Two plotting modes are supported:
transform="none" (default): plots estimates on the linear scale
(typical for GWAS or Mendelian randomisation beta coefficients).
transform="exp": plots exponentiated estimates on a log10 axis
(typical for odds ratios or hazard ratios).

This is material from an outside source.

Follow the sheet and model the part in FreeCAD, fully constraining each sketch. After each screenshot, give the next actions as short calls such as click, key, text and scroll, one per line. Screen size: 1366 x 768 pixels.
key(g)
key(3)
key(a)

Confidence intervals are
computed on the log scale and back-transformed.
ESplot(
ESdat,
alpha = 0.05,
fontsize = 12,
transform = c("none", "exp"),
xlab = NULL
)
ESdat |
Data frame with three columns:
|
alpha |
Type-I error rate for the confidence interval (default 0.05 for 95% CI). |
fontsize |
Base font size used in the plot. |
transform |
Either |
xlab |
Optional x-axis label. If |
Create a publication-ready forest plot for model effect estimates. The function supports both linear effect sizes (e.g. regression betas) and exponentiated effects (e.g. odds ratios or hazard ratios).

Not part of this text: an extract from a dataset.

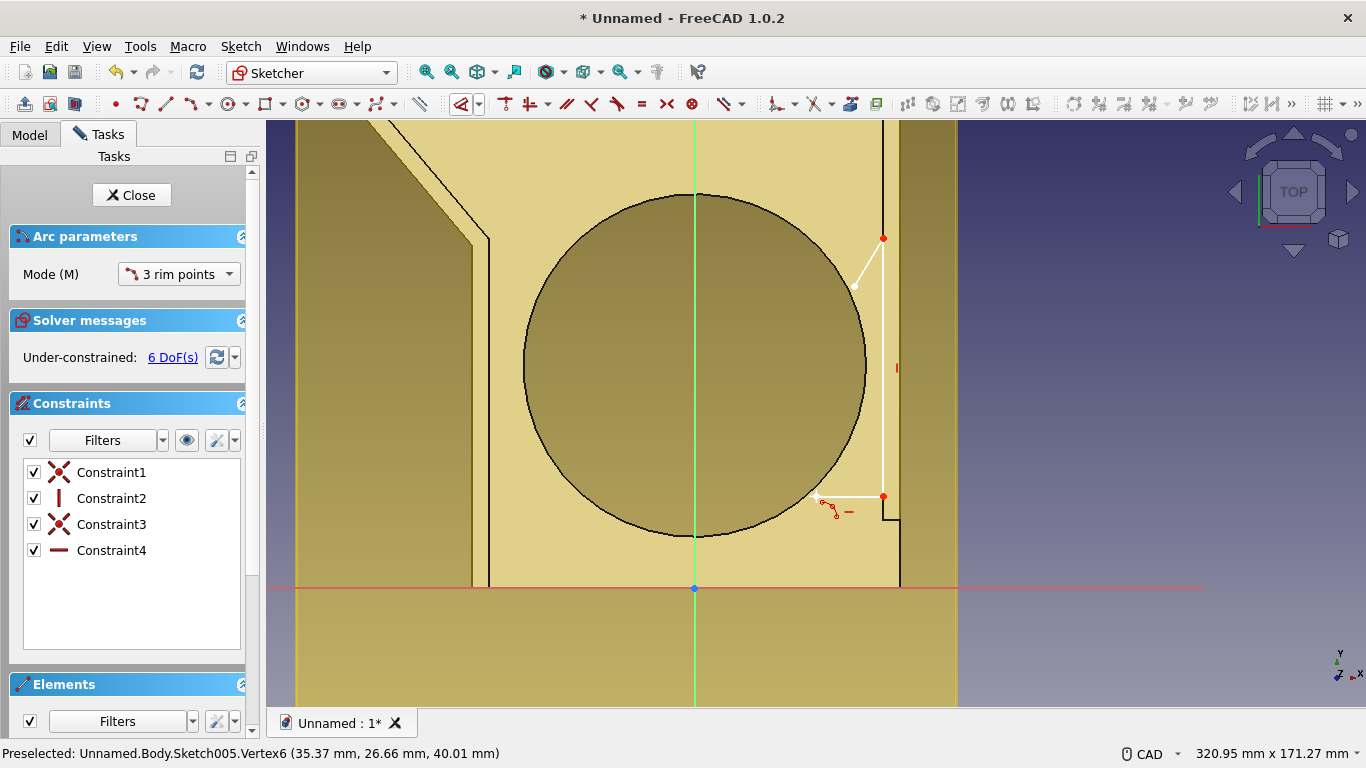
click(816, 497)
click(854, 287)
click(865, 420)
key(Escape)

Confidence intervals are computed as
estimate \pm z_{\alpha/2} \times SE
When transform="exp", estimates are interpreted as log(OR) or log(HR)
and are exponentiated before plotting. The x-axis is displayed on a
log10 scale and the reference line is placed at 1.
This function replaces an earlier base-R implementation and provides a consistent interface for GWAS, Mendelian randomisation, and epidemiological regression analyses.
A ggplot2 plot object.
Jing Hua Zhao
## Example 1: Linear effect sizes (GWAS / MR)
rs12075 <- data.frame(
id=c("CCL2","CCL7","CCL8","CCL11","CCL13","CXCL6","Monocytes"),
b=c(0.1694,-0.0899,-0.0973,0.0749,0.189,0.0816,0.0338387),
se=c(0.0113,0.013,0.0116,0.0114,0.0114,0.0115,0.00713386)
)
ESplot(rs12075)
## Example 2: Odds ratios
dat <- data.frame(
id=c("Basic","Adjusted","Moderate","Heavy","Other"),
b=log(c(4.5,3.5,2.5,1.5,1)),
se=c(0.2,0.1,0.2,0.3,0.2)
)
ESplot(dat, transform="exp")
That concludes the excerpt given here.